Since taking over as the sole head of Fox's film studio following Jim Gianopulos' ouster in the summer of 2016, Snyder has devoted herself to focusing on the kinds of films that are powerful enough to cut through the clutter in a digital world. That's included a pledge to get Fox better positioned in the highly profitable family film business with a renewed emphasis on the studio's animation division, as well as a bolder embrace of technology.

Before assuming control of the studio a year ago, Snider struggled with defining her role for the 22 months she worked as co-chairman under Gianopulos, who by most accounts was upset and threatened by her hiring, which had been engineered by Rupert Murdoch and blessed by his sons, James and Lachlan. Consequently, Snider clashed with Gianopulos' key division heads and devotees, Emma Watts and Elizabeth Gabler, and alienated some of Fox's biggest filmmakers, who along with other executives questioned her lack of creative initiative.
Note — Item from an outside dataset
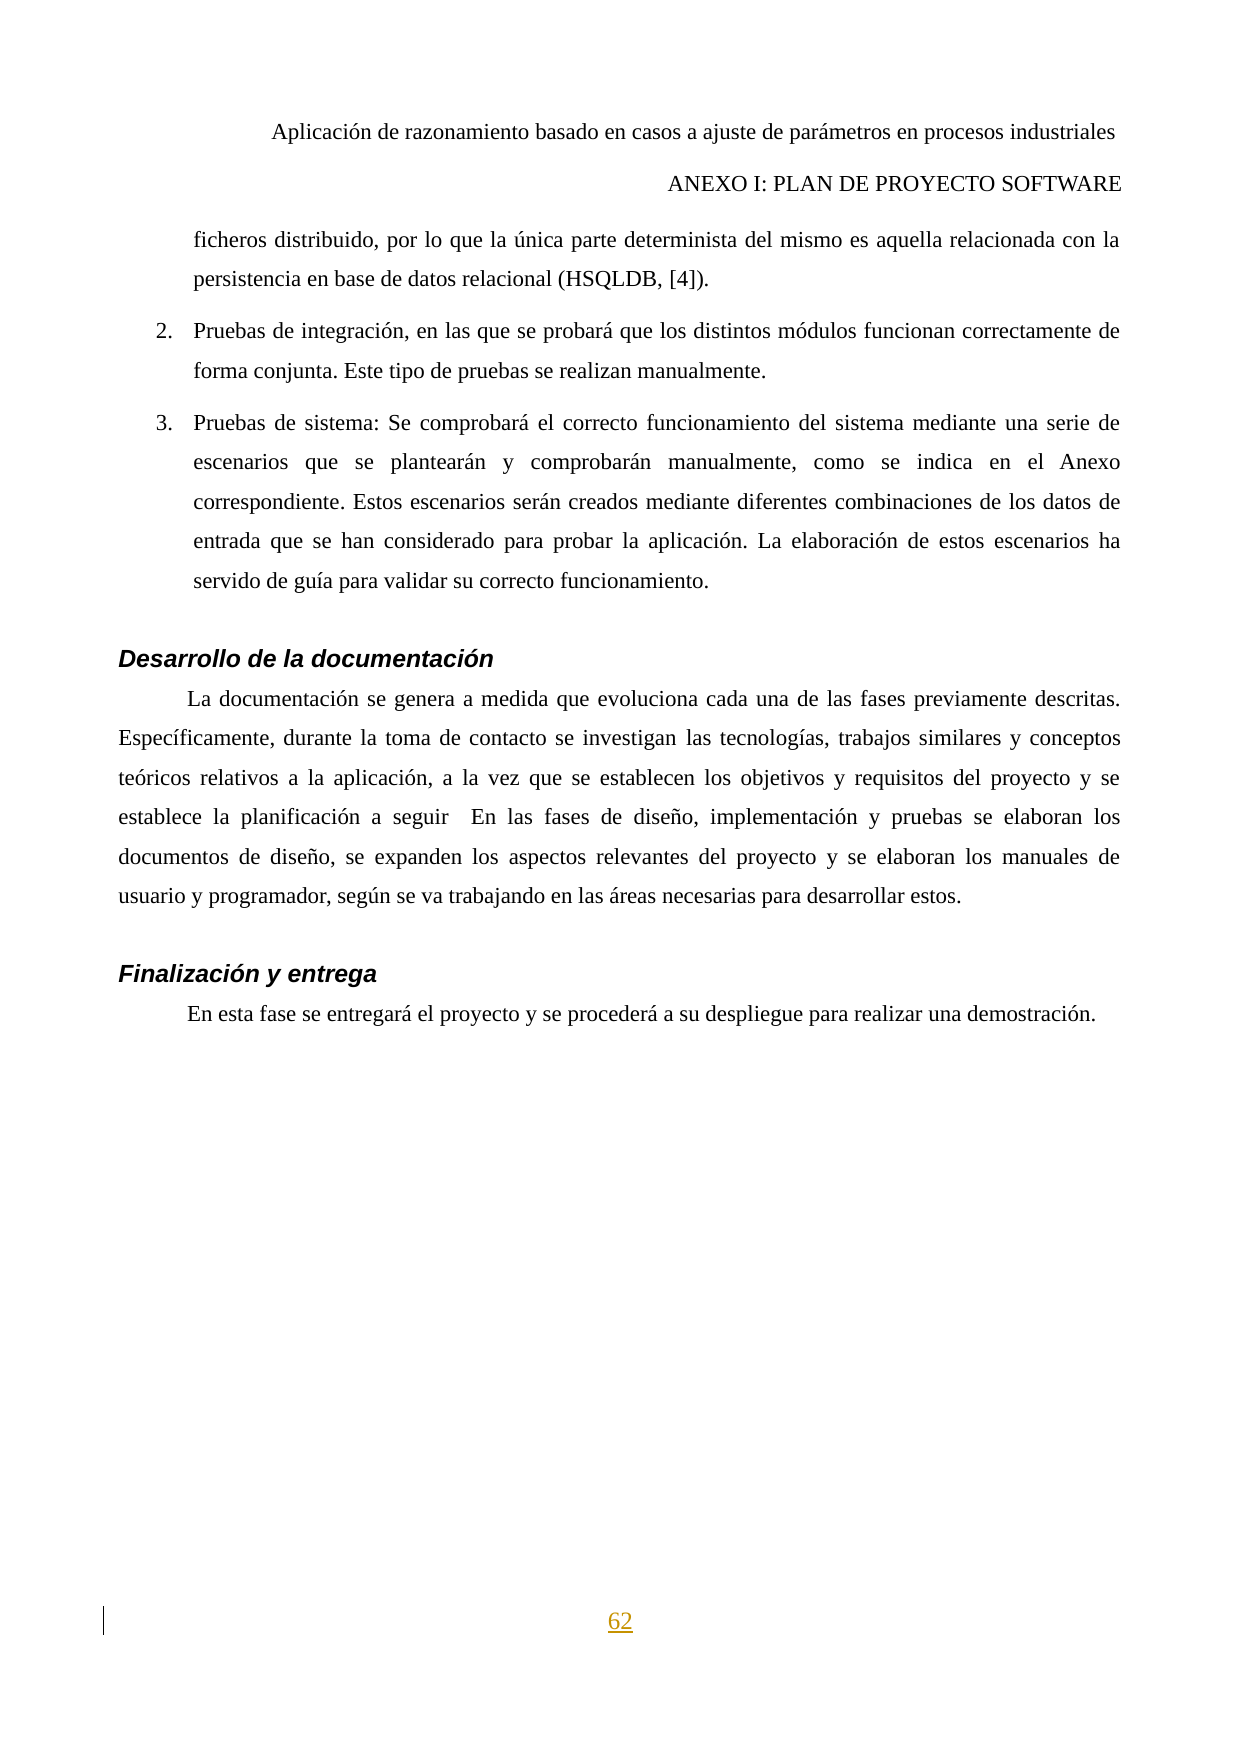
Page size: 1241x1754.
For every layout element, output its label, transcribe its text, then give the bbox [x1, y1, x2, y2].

Her supporters argued that she was stifled by her boss, whom she would eventually replace when the younger Murdochs began putting their own stamp on Fox and articulated the need for new leadership and fresh ideas at the film studio.

A year later, Snider can be credited with sparking several new creative and business initiatives, including striking a multiyear co-financing and distribution deal with "Avengers" directing duo Joe and Anthony Russo (see sidebar), and prompting Fox to acquire Technoprops, a virtual production company that has worked on blockbusters such as "Avatar" and "The Jungle Book." She believes the company can help revolutionize the films the studio makes. She's also made peace and has cultivated good working relationships with Watts and Gabler and other initial doubters at Fox.
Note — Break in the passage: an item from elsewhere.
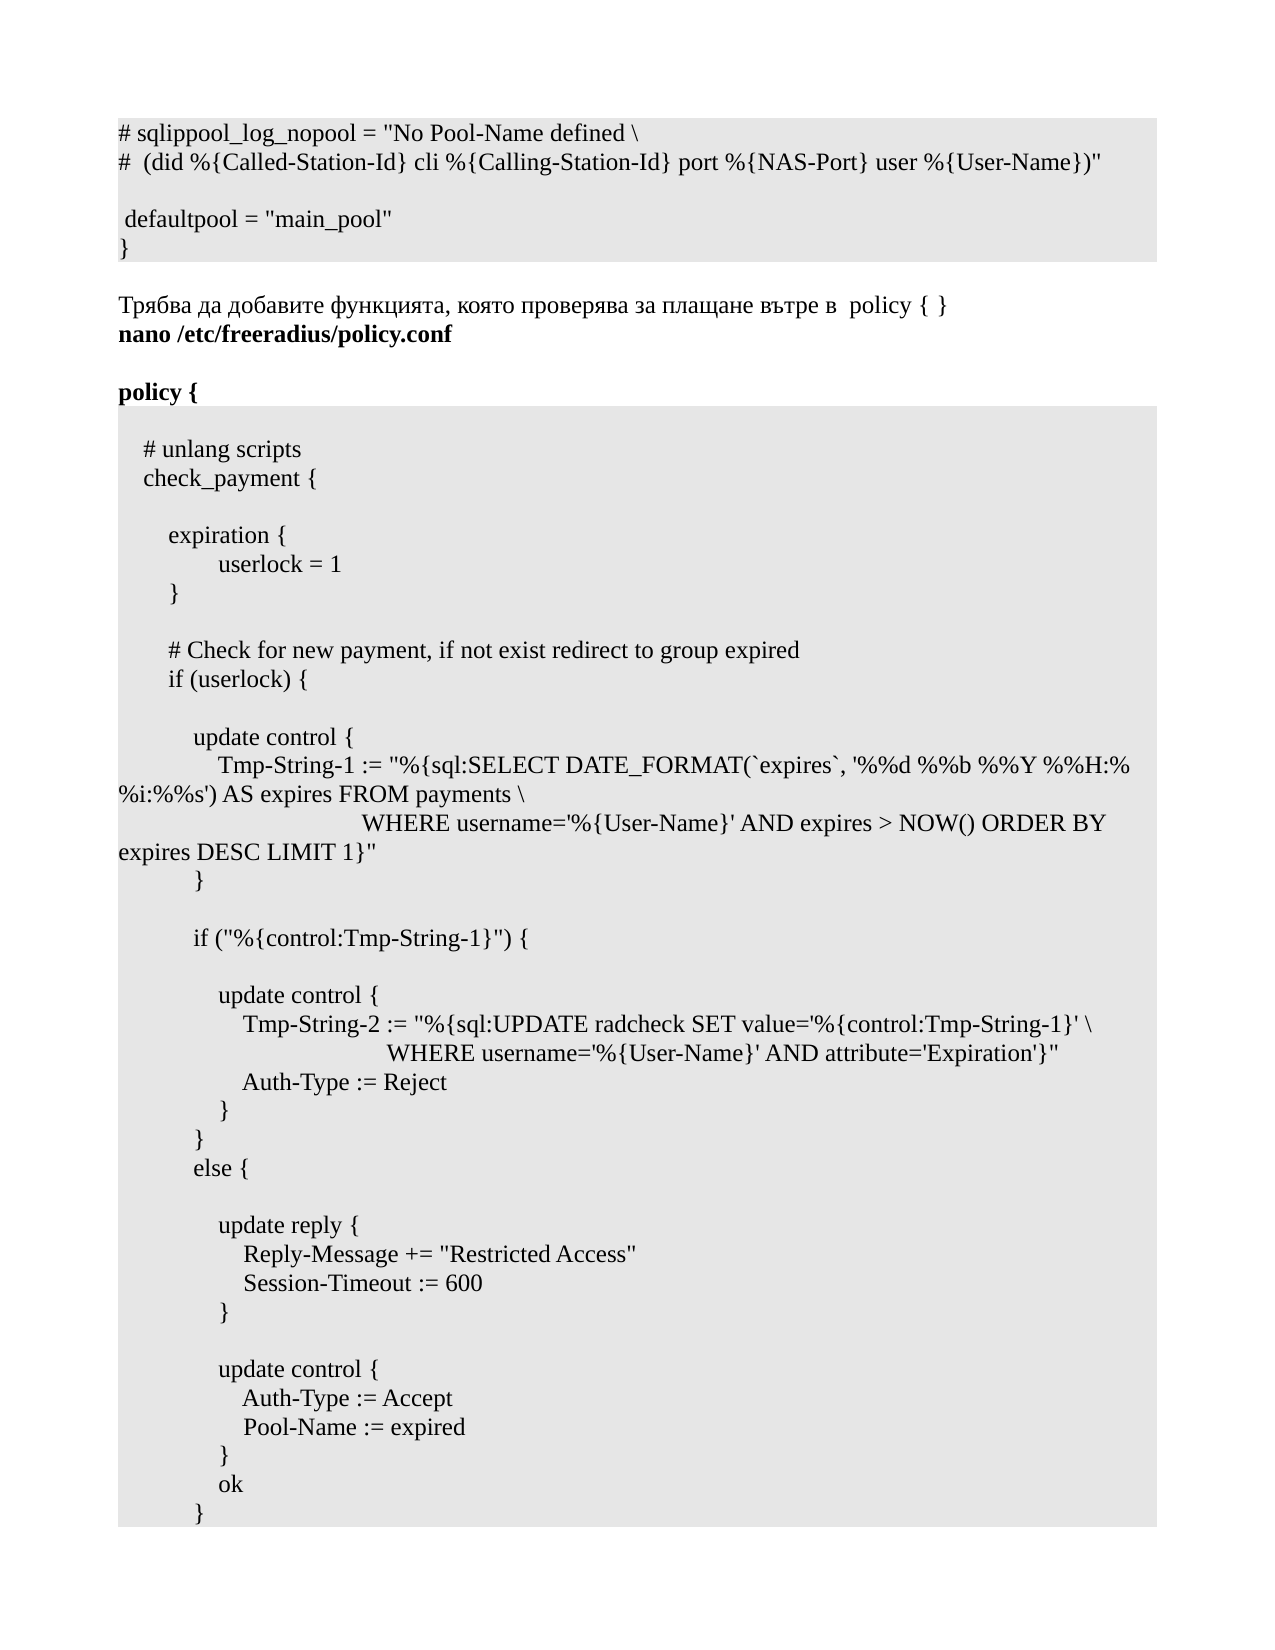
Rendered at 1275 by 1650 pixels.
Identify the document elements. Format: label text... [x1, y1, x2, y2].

In a two-hour interview, Snider reflected on her one-year anniversary as head of Fox's film studio, expounding on her plans to keep the operation competitive at a time when the industry is being roiled by changing consumer behavior and technological advances.
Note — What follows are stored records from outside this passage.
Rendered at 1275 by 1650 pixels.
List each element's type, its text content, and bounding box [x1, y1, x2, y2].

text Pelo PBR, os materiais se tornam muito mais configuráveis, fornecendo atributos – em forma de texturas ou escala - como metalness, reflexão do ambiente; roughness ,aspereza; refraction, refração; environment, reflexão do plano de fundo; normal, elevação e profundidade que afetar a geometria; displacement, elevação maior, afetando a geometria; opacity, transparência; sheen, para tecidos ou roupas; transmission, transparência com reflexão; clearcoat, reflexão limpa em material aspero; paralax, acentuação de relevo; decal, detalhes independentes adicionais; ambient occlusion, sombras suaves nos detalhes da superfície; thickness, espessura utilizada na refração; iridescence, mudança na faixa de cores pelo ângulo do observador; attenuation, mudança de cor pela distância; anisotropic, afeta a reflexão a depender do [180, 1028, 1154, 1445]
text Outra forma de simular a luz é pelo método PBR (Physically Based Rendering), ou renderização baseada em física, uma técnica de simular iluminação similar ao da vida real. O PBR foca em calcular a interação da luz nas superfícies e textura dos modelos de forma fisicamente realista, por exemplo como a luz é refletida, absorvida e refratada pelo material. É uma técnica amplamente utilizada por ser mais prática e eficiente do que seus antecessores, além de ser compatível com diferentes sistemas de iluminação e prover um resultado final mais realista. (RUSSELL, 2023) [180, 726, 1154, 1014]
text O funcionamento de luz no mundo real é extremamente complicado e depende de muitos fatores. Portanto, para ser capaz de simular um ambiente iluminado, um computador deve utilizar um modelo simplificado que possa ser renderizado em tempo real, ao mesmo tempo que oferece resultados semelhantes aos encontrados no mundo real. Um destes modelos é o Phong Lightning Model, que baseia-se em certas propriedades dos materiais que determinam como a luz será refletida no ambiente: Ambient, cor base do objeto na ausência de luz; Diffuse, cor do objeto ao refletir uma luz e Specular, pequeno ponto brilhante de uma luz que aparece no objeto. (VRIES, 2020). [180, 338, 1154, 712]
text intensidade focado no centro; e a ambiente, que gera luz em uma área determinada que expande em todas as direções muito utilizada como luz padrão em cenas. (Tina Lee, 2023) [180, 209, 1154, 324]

Was it hard to assume power as Jim Gianopulos was being pushed out?

I felt incredible empathy and compassion for all of us. It was an incredibly awkward situation. The only thing that I can do in those moments is be truthful and acknowledge the discomfort.

When you joined the studio, were you at odds with powerful executives like Emma Watts and Elizabeth Gabler?

Whatever issues there were between many of us at Fox in those early days were part of the narrative that was imposed. Within a month of me joining Fox, a journalist from another publication literally said to me, "Wow, there are a lot of blondes there." It took my breath away, that comment. It made me realize that the narrative was prepackaged.

So you think it was sexism?

I do. I don't think there's ever an issue about how many receding-hairline men there are at a company. You'd never make that comment, but the idea of girls pulling each other's hair and getting into a catfight is a familiar trope. I resist it. I deny it. I'm a mom of two daughters, and I was raised by a feminist mom. I marched with her for women's rights. [The media had] a pull-up-a-lawnchair, grab-a-wine-cooler and watch-thesoap- opera-at-Fox type of glee that was in many ways fabricated. …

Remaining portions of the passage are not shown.